For the C++ template class aggregation is used instead of inheritance, allowing to easily specify the limits:

template<class T> 
class transform_infinite: public Numer::Func {
private:
    T func;
    double lower;
    double upper;
public:
    transform_infinite(T _func, double _lower, double _upper) : 
                      func(_func), lower(_lower), upper(_upper) {}

    double operator() (const double& t) const {
        double x = (1 - t) / t;
        bool upper_finite = (upper <  std::numeric_limits<double>::infinity());
        bool lower_finite = (lower > -std::numeric_limits<double>::infinity());
        if (upper_finite && lower_finite) {
            Rcpp::stop("At least on limit must be infinite.");
        } else if (lower_finite) {
            return func(lower + x) / pow(t, 2);
        } else if (upper_finite) {
            return func(upper - x) / pow(t, 2);
        } else {
            return (func(x) + func(-x)) / pow(t, 2);
        }
    }
};

Finally we need a wrapper function for Numer::integrate which checks if both limits are finite or not:

using Numer::Integrator;
template<class T>
double integrate(const T& f, double lower, double upper,
                 double& err_est, int& err_code,
                 const int subdiv = 100, const double& eps_abs = 1e-8, const double& eps_rel = 1e-6,
                 const Integrator<double>::QuadratureRule rule = Integrator<double>::GaussKronrod41) {
    
    if (upper == lower) {
        err_est = 0.0;
        err_code = 0;
        return 0.0;
    }
    if (std::abs(upper) < std::numeric_limits<double>::infinity() && 
        std::abs(lower) < std::numeric_limits<double>::infinity()) {
        return Numer::integrate(f, lower, upper, err_est, err_code, subdiv, eps_abs, eps_rel, rule);
    } else {
        double sign = 1.0;
        if (upper < lower) {
            std::swap(upper, lower);
            sign = -1.0;
        }
        transform_infinite<T> g(f, lower, upper);
        return sign * Numer::integrate(g, 0.0, 1.0, err_est, err_code, subdiv, eps_abs, eps_rel, rule);
    }
}

If both limits are finite, Numer::integrate is used directly. Otherwise the function is transformed and Numer::integrate is used with adjusted range. In addition, it is first checked that the upper limit is actually larger than the lower limit. If this is not the case, one of the properties of integration is used to swap the limits and change the sign:

\[ \int_{a}^{b} \mathrm{d}x f(x) = -\int_{b}^{a} \mathrm{d}x f(x) \]

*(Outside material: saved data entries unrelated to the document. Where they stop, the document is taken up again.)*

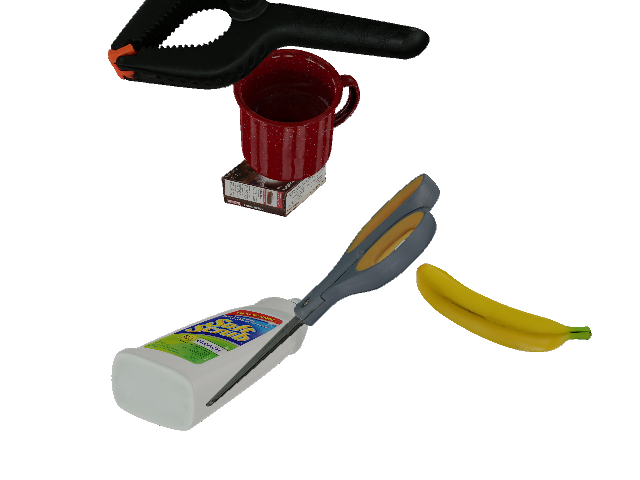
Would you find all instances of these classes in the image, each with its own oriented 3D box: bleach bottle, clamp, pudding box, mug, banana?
[{"bbox_3d":[-0.095,0.110,1.098,0.103,0.068,0.250,15,23,26],"label":"bleach bottle"},{"bbox_3d":[-0.041,-0.154,0.728,0.210,0.165,0.036,-30,-19,-4],"label":"clamp"},{"bbox_3d":[-0.056,-0.075,1.316,0.090,0.039,0.113,13,34,23],"label":"pudding box"},{"bbox_3d":[-0.019,-0.111,0.936,0.117,0.093,0.081,-23,-32,-19],"label":"mug"},{"bbox_3d":[0.154,0.066,1.013,0.198,0.037,0.069,24,16,38],"label":"banana"}]

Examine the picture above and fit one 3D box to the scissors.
[{"bbox_3d":[0.003,0.040,0.641,0.016,0.202,0.096,42,1,-14],"label":"scissors"}]
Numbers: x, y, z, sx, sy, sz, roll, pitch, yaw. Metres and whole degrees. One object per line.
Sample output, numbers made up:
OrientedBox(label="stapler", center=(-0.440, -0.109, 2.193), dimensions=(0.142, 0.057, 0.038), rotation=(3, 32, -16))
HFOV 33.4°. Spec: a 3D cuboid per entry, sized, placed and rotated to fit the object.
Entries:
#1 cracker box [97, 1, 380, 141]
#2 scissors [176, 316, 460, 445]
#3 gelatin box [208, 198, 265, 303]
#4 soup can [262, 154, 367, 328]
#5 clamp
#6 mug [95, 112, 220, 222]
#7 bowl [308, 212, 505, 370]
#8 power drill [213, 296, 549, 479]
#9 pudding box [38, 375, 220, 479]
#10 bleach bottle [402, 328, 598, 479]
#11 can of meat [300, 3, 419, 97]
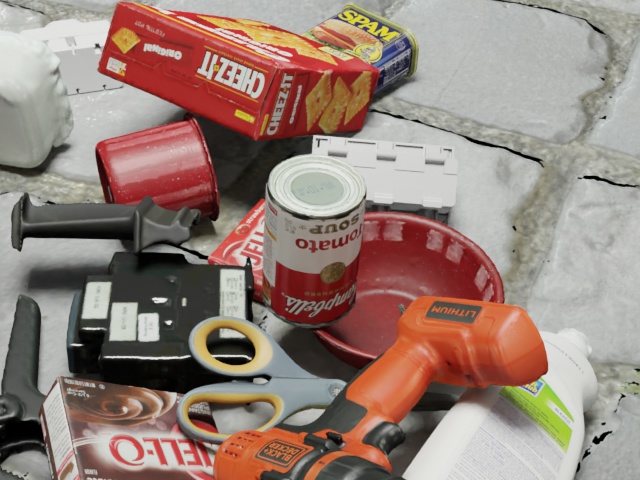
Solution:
OrientedBox(label="cracker box", center=(-0.064, -0.151, 0.946), dimensions=(0.164, 0.072, 0.213), rotation=(24, 16, 21))
OrientedBox(label="scissors", center=(-0.003, 0.087, 0.716), dimensions=(0.201, 0.016, 0.096), rotation=(-8, 65, -23))
OrientedBox(label="gelatin box", center=(-0.037, 0.011, 0.856), dimensions=(0.073, 0.030, 0.089), rotation=(21, 43, 19))
OrientedBox(label="soup can", center=(-0.005, 0.001, 0.729), dimensions=(0.068, 0.102, 0.068), rotation=(3, 42, -2))
OrientedBox(label="clamp", center=(-0.208, 0.117, 0.712), dimensions=(0.210, 0.036, 0.164), rotation=(30, 45, 28))
OrientedBox(label="mug", center=(-0.139, -0.052, 0.885), dimensions=(0.081, 0.093, 0.117), rotation=(-16, 14, -15))
OrientedBox(label="bowl", center=(0.054, 0.050, 0.800), dimensions=(0.162, 0.055, 0.162), rotation=(3, 41, -3))
OrientedBox(label="power drill", center=(0.049, 0.106, 0.623), dimensions=(0.187, 0.057, 0.185), rotation=(-35, 23, -31))
OrientedBox(label="pudding box", center=(-0.112, 0.135, 0.666), dimensions=(0.113, 0.039, 0.090), rotation=(13, 32, -34))
OrientedBox(label="bleach bottle", center=(0.128, 0.140, 0.693), dimensions=(0.102, 0.068, 0.250), rotation=(45, 43, 3))
OrientedBox(label="can of meat", center=(0.033, -0.185, 1.072), dimensions=(0.102, 0.057, 0.083), rotation=(32, 50, 29))
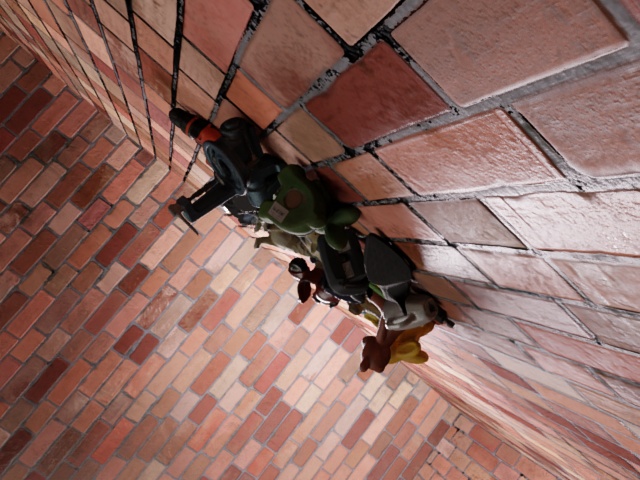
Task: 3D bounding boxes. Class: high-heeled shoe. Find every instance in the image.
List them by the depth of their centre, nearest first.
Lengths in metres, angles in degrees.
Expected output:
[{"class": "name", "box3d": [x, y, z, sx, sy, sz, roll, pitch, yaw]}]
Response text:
[{"class": "high-heeled shoe", "box3d": [0.137, 0.048, 1.107, 0.145, 0.086, 0.248, -100, -11, -54]}]

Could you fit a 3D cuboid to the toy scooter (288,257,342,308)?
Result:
[{"class": "toy scooter", "box3d": [-0.011, 0.133, 1.465, 0.184, 0.075, 0.135, 24, 127, 22]}]

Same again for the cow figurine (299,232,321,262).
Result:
[{"class": "cow figurine", "box3d": [-0.003, -0.004, 1.273, 0.127, 0.085, 0.194, 41, 171, 29]}]

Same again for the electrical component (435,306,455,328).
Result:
[{"class": "electrical component", "box3d": [0.268, 0.168, 1.235, 0.094, 0.021, 0.063, 36, 170, 22]}]

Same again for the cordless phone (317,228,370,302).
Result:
[{"class": "cordless phone", "box3d": [0.067, 0.061, 1.189, 0.184, 0.089, 0.146, 51, -159, -66]}]

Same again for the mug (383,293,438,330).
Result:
[{"class": "mug", "box3d": [0.199, 0.160, 1.193, 0.107, 0.109, 0.080, -19, 97, 44]}]

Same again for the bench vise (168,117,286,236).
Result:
[{"class": "bench vise", "box3d": [-0.176, -0.105, 1.019, 0.129, 0.240, 0.223, 38, 156, 27]}]

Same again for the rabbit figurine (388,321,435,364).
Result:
[{"class": "rabbit figurine", "box3d": [0.225, 0.271, 1.453, 0.163, 0.173, 0.121, 37, 168, 44]}]

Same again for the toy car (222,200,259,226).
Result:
[{"class": "toy car", "box3d": [-0.203, -0.121, 1.429, 0.162, 0.103, 0.109, 43, 143, 4]}]

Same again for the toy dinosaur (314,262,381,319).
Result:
[{"class": "toy dinosaur", "box3d": [0.104, 0.149, 1.584, 0.471, 0.105, 0.198, 48, 179, 1]}]

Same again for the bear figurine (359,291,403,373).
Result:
[{"class": "bear figurine", "box3d": [0.154, 0.237, 1.375, 0.120, 0.195, 0.132, 14, -157, -45]}]

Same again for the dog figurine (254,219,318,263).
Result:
[{"class": "dog figurine", "box3d": [-0.072, -0.031, 1.455, 0.190, 0.172, 0.121, 15, 146, -20]}]

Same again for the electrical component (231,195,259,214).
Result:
[{"class": "electrical component", "box3d": [-0.167, -0.128, 1.228, 0.115, 0.058, 0.134, -5, 113, 52]}]

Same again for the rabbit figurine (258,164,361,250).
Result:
[{"class": "rabbit figurine", "box3d": [-0.001, -0.056, 1.011, 0.159, 0.121, 0.170, 26, -175, 27]}]

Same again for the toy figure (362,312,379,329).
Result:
[{"class": "toy figure", "box3d": [0.160, 0.212, 1.736, 0.180, 0.082, 0.089, 33, -168, -10]}]

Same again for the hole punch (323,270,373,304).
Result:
[{"class": "hole punch", "box3d": [0.069, 0.101, 1.352, 0.115, 0.092, 0.142, 45, -162, -22]}]
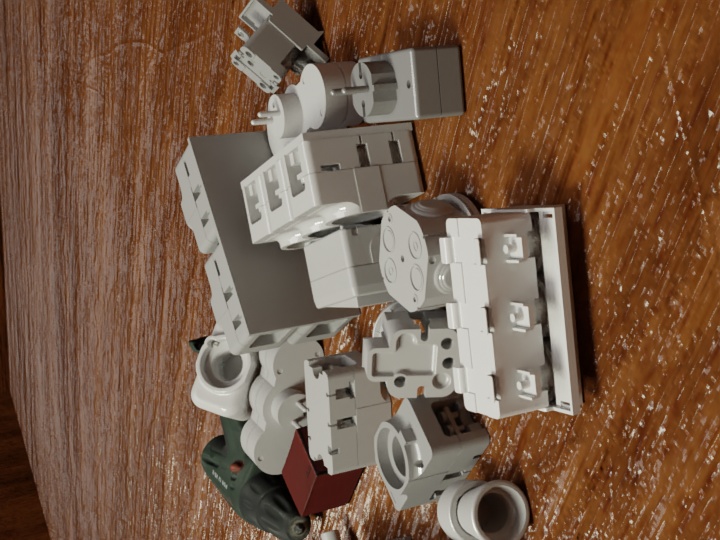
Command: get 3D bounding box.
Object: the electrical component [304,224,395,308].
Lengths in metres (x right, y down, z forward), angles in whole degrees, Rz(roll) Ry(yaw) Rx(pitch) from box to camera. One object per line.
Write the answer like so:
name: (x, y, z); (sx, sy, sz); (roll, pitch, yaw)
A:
electrical component: (0.000, 0.000, 0.839); (0.096, 0.062, 0.061); (-21, 80, 65)

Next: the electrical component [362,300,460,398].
electrical component: (0.040, 0.053, 0.765); (0.057, 0.078, 0.058); (-108, 18, -66)

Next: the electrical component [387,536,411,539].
electrical component: (0.017, 0.309, 0.908); (0.089, 0.062, 0.150); (-38, 64, 62)

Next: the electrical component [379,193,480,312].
electrical component: (0.051, -0.011, 0.738); (0.080, 0.051, 0.080); (32, 127, 59)

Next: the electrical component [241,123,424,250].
electrical component: (-0.025, -0.060, 0.837); (0.150, 0.089, 0.061); (-22, 78, 65)

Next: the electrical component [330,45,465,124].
electrical component: (0.018, -0.126, 0.741); (0.083, 0.076, 0.047); (12, 109, 64)

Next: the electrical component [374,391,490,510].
electrical component: (0.047, 0.132, 0.789); (0.050, 0.056, 0.089); (65, 151, 32)

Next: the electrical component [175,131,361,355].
electrical component: (-0.086, -0.026, 0.950); (0.060, 0.105, 0.186); (-46, 58, 55)

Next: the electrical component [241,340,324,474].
electrical component: (-0.067, 0.128, 1.011); (0.074, 0.052, 0.138); (29, 109, 59)

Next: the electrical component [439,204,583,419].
electrical component: (0.091, 0.024, 0.650); (0.079, 0.063, 0.121); (6, 103, 65)

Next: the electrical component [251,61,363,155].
electrical component: (-0.053, -0.129, 0.896); (0.138, 0.074, 0.052); (-29, 72, 64)

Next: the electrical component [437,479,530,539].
electrical component: (0.083, 0.166, 0.737); (0.055, 0.045, 0.045); (-23, 77, 65)

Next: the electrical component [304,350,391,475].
electrical component: (-0.010, 0.118, 0.907); (0.050, 0.056, 0.089); (24, 119, 61)

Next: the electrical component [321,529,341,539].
electrical component: (-0.021, 0.273, 0.998); (0.043, 0.043, 0.062); (134, 125, -60)

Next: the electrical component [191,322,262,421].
electrical component: (-0.123, 0.095, 1.051); (0.059, 0.054, 0.095); (43, -115, -71)

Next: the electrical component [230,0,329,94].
electrical component: (-0.072, -0.188, 0.912); (0.081, 0.063, 0.042); (40, 158, -11)
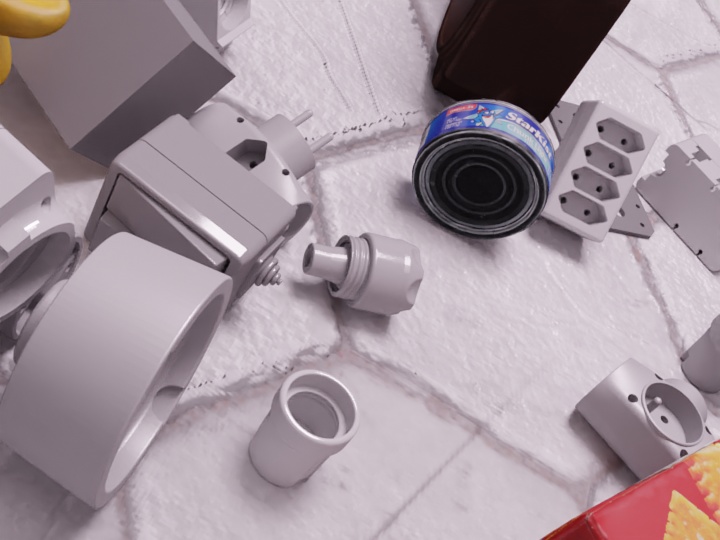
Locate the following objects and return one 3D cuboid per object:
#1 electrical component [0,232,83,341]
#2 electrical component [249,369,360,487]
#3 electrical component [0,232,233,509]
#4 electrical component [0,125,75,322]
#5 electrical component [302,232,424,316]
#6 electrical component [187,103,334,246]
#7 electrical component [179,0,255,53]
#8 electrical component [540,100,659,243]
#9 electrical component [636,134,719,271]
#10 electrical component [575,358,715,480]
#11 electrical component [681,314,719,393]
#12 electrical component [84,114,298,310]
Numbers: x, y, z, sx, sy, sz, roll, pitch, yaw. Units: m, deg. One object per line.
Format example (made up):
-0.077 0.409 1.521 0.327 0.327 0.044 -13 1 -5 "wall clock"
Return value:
-0.159 -0.004 0.480 0.047 0.055 0.055 31 42 0 "electrical component"
-0.027 0.075 0.499 0.040 0.046 0.040 18 44 -19 "electrical component"
-0.105 0.036 0.442 0.060 0.108 0.108 29 42 2 "electrical component"
-0.180 0.014 0.385 0.062 0.089 0.150 42 65 6 "electrical component"
0.000 0.000 0.589 0.062 0.043 0.043 13 46 -21 "electrical component"
-0.052 -0.060 0.596 0.079 0.043 0.077 -37 75 -15 "electrical component"
-0.101 -0.173 0.663 0.064 0.081 0.042 20 38 17 "electrical component"
0.153 -0.069 0.737 0.047 0.083 0.075 26 4 -10 "electrical component"
0.263 -0.052 0.804 0.056 0.050 0.089 -21 66 -43 "electrical component"
0.176 0.087 0.624 0.079 0.044 0.077 -25 68 -45 "electrical component"
0.235 0.053 0.692 0.040 0.046 0.040 18 44 -19 "electrical component"
-0.082 -0.018 0.536 0.096 0.061 0.061 38 44 2 "electrical component"
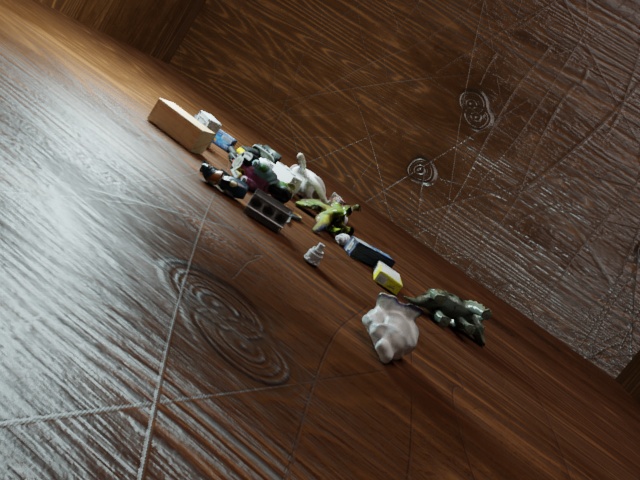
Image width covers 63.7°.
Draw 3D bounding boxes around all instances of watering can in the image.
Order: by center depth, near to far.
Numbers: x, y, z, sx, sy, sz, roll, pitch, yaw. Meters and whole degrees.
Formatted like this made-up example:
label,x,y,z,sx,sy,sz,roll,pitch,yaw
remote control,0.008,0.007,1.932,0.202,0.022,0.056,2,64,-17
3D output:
label,x,y,z,sx,sy,sz,roll,pitch,yaw
watering can,-0.062,-0.262,2.203,0.227,0.105,0.340,37,-20,48

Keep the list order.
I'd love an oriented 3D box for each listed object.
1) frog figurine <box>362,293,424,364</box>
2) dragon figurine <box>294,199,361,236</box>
label,x,y,z,sx,sy,sz,roll,pitch,yaw
frog figurine,0.154,0.213,1.139,0.136,0.121,0.163,40,44,-19
dragon figurine,0.006,-0.101,2.011,0.244,0.121,0.412,20,17,29
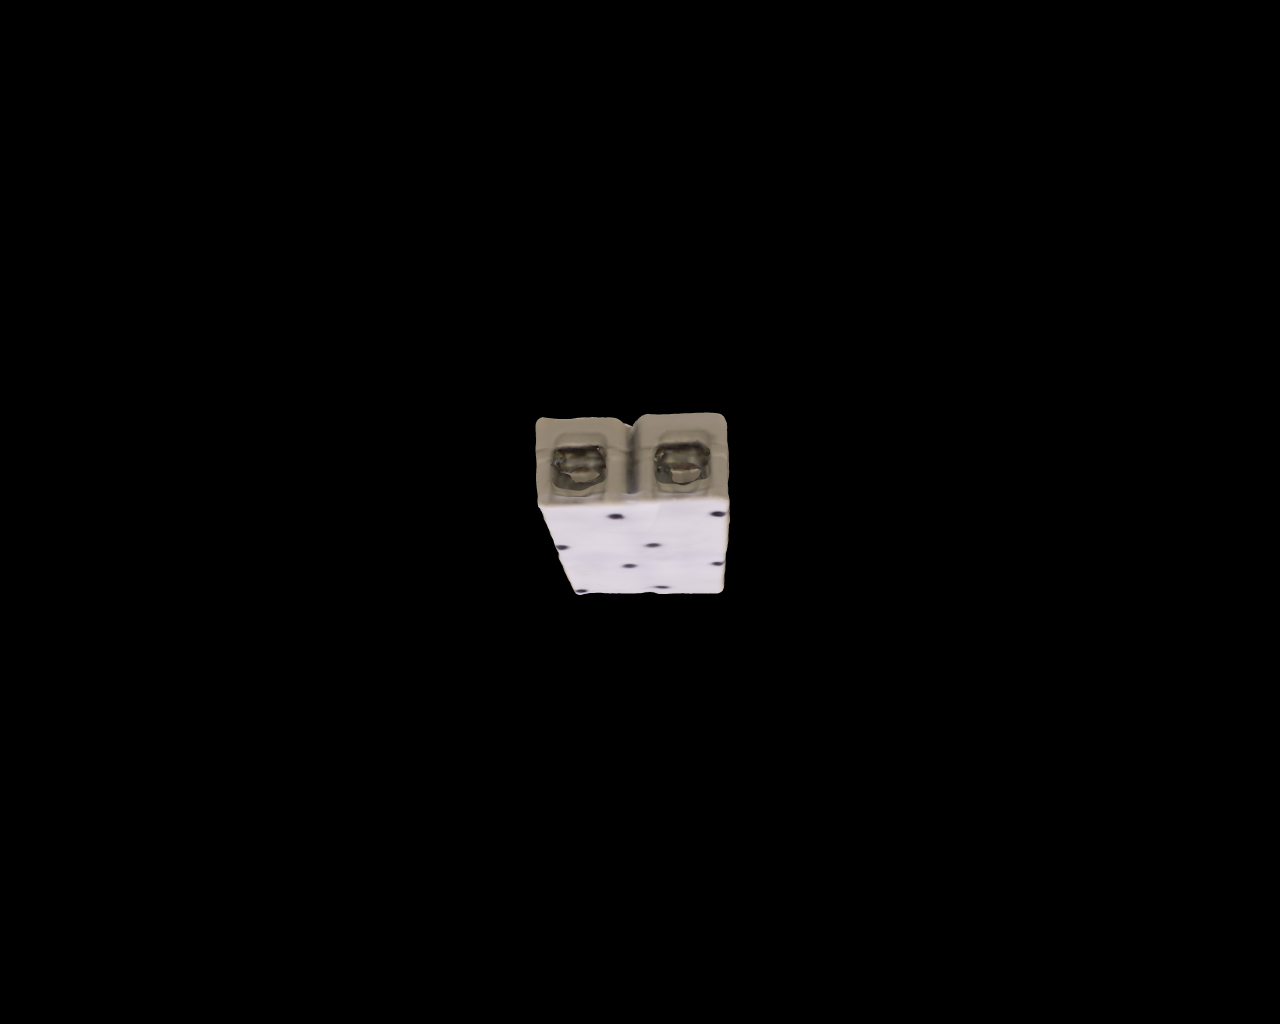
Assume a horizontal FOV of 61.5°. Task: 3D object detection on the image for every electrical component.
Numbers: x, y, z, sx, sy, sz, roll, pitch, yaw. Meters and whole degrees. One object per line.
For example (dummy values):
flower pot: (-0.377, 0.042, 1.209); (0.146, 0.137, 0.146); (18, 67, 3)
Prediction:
electrical component: (0.001, -0.003, 0.650); (0.105, 0.060, 0.186); (-1, -19, 3)
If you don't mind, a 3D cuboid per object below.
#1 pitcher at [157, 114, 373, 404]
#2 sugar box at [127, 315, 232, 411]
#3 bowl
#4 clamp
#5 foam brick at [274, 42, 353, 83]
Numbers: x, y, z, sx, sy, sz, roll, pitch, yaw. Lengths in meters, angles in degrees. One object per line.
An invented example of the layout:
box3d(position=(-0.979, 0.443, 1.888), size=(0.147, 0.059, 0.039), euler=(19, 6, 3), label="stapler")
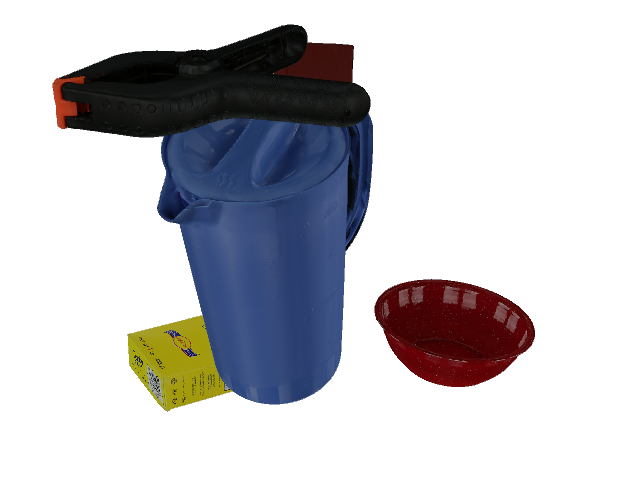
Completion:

Thereby we get the correct result even when the limits have been exchanged:

rbind(
  integrate_exp4(4,    3, Inf),
  integrate_exp4(4,  Inf,   3)
)
        result        error
[1,]  1.990328 4.250105e-11
[2,] -1.990328 4.250105e-11

In the end we needed on template class and one template function, which could be put into a separate header file, to generalize Numer::integrate for integration over an infinite interval.